- Data records -
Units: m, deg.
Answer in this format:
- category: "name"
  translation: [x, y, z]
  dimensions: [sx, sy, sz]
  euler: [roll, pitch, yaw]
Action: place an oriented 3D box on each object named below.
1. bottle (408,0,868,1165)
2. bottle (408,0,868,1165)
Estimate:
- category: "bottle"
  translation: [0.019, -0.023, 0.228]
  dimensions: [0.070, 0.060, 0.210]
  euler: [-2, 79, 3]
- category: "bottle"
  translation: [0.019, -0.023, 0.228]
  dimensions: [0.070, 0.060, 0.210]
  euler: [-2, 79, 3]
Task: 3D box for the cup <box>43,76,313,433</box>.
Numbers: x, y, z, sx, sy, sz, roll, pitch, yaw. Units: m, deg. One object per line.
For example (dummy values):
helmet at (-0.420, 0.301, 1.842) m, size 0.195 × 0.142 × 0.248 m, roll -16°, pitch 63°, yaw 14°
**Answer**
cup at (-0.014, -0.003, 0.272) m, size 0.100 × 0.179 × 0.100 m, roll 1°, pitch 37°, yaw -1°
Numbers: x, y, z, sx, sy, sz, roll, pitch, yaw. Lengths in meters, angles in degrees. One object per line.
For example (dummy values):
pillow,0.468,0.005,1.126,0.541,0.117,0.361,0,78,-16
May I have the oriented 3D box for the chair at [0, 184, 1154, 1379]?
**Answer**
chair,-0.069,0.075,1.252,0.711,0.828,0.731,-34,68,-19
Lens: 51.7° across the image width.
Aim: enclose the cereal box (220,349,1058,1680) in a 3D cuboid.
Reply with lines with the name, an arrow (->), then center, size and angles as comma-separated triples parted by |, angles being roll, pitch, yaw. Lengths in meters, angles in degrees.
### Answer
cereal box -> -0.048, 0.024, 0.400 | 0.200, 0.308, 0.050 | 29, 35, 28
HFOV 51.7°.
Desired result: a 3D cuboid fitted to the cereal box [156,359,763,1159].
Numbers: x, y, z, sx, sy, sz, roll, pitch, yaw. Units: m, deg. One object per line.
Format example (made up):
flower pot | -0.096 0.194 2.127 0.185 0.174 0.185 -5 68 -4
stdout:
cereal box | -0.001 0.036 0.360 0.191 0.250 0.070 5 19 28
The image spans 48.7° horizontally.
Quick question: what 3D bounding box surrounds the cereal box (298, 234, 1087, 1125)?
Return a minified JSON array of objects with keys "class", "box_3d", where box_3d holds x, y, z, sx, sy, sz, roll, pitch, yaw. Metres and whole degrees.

- Your objective -
Lines from the start of the entries through the one containing "Quick question: what" are to be set down again exactly, both ends included.

- Expected answer -
Units: m, deg.
Answer in this format:
- category: "name"
  translation: [x, y, z]
  dimensions: [sx, sy, sz]
  euler: [roll, pitch, yaw]
Action: place an oriented 3D box on each object named below.
1. bottle (408,0,868,1165)
2. bottle (408,0,868,1165)
Estimate:
- category: "bottle"
  translation: [0.019, -0.023, 0.228]
  dimensions: [0.070, 0.060, 0.210]
  euler: [-2, 79, 3]
- category: "bottle"
  translation: [0.019, -0.023, 0.228]
  dimensions: [0.070, 0.060, 0.210]
  euler: [-2, 79, 3]
Task: 3D box for the cup <box>43,76,313,433</box>.
Numbers: x, y, z, sx, sy, sz, roll, pitch, yaw. Units: m, deg. One object per line.
For example (dummy values):
helmet at (-0.420, 0.301, 1.842) m, size 0.195 × 0.142 × 0.248 m, roll -16°, pitch 63°, yaw 14°
**Answer**
cup at (-0.014, -0.003, 0.272) m, size 0.100 × 0.179 × 0.100 m, roll 1°, pitch 37°, yaw -1°
Numbers: x, y, z, sx, sy, sz, roll, pitch, yaw. Lengths in meters, angles in degrees. One object per line.
For example (dummy values):
pillow,0.468,0.005,1.126,0.541,0.117,0.361,0,78,-16
May I have the oriented 3D box for the chair at [0, 184, 1154, 1379]?
**Answer**
chair,-0.069,0.075,1.252,0.711,0.828,0.731,-34,68,-19
Lens: 51.7° across the image width.
Aim: enclose the cereal box (220,349,1058,1680) in a 3D cuboid.
Reply with lines with the name, an arrow (->), then center, size and angles as comma-separated triples parted by |, angles being roll, pitch, yaw. Lengths in meters, angles in degrees.
### Answer
cereal box -> -0.048, 0.024, 0.400 | 0.200, 0.308, 0.050 | 29, 35, 28
HFOV 51.7°.
Desired result: a 3D cuboid fitted to the cereal box [156,359,763,1159].
Numbers: x, y, z, sx, sy, sz, roll, pitch, yaw. Units: m, deg. One object per line.
Format example (made up):
flower pot | -0.096 0.194 2.127 0.185 0.174 0.185 -5 68 -4
stdout:
cereal box | -0.001 0.036 0.360 0.191 0.250 0.070 5 19 28
The image spans 48.7° horizontally.
Quick question: what 3D bounding box surrounds the cereal box (298, 234, 1087, 1125)?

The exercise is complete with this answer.